:: INSTRUCTIONS FOR THE TASK ::
Your answer should be every line of the records that contains the word "Units".

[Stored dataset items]
________________________________________
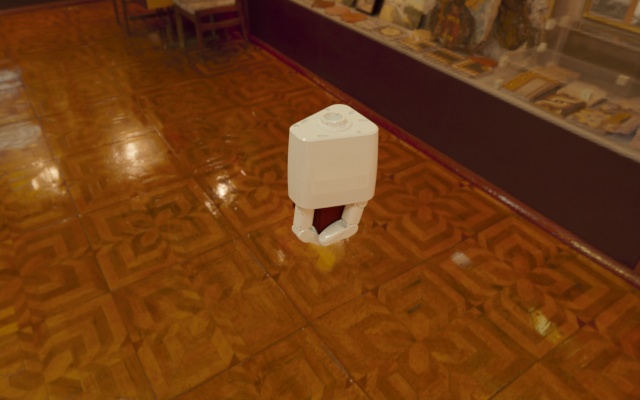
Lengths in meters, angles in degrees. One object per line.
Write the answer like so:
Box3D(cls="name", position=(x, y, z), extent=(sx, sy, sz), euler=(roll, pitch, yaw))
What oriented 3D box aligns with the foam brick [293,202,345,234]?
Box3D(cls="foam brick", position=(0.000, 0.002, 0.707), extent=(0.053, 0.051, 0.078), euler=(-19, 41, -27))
________________________________________
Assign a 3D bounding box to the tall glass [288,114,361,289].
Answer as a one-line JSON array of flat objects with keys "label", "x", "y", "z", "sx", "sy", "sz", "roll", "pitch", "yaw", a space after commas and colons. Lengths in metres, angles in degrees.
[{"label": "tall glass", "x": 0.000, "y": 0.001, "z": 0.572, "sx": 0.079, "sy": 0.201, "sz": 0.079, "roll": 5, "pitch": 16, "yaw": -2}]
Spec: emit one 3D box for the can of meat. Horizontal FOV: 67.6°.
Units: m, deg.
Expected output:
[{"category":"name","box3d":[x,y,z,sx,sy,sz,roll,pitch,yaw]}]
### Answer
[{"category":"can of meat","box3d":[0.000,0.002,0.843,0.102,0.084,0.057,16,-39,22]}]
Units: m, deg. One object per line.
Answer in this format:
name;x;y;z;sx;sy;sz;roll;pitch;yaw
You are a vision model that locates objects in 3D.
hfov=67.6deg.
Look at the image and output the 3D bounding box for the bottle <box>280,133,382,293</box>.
________________________________________
:: SOLUTION ::
Units: m, deg.
Units: m, deg. One object per line.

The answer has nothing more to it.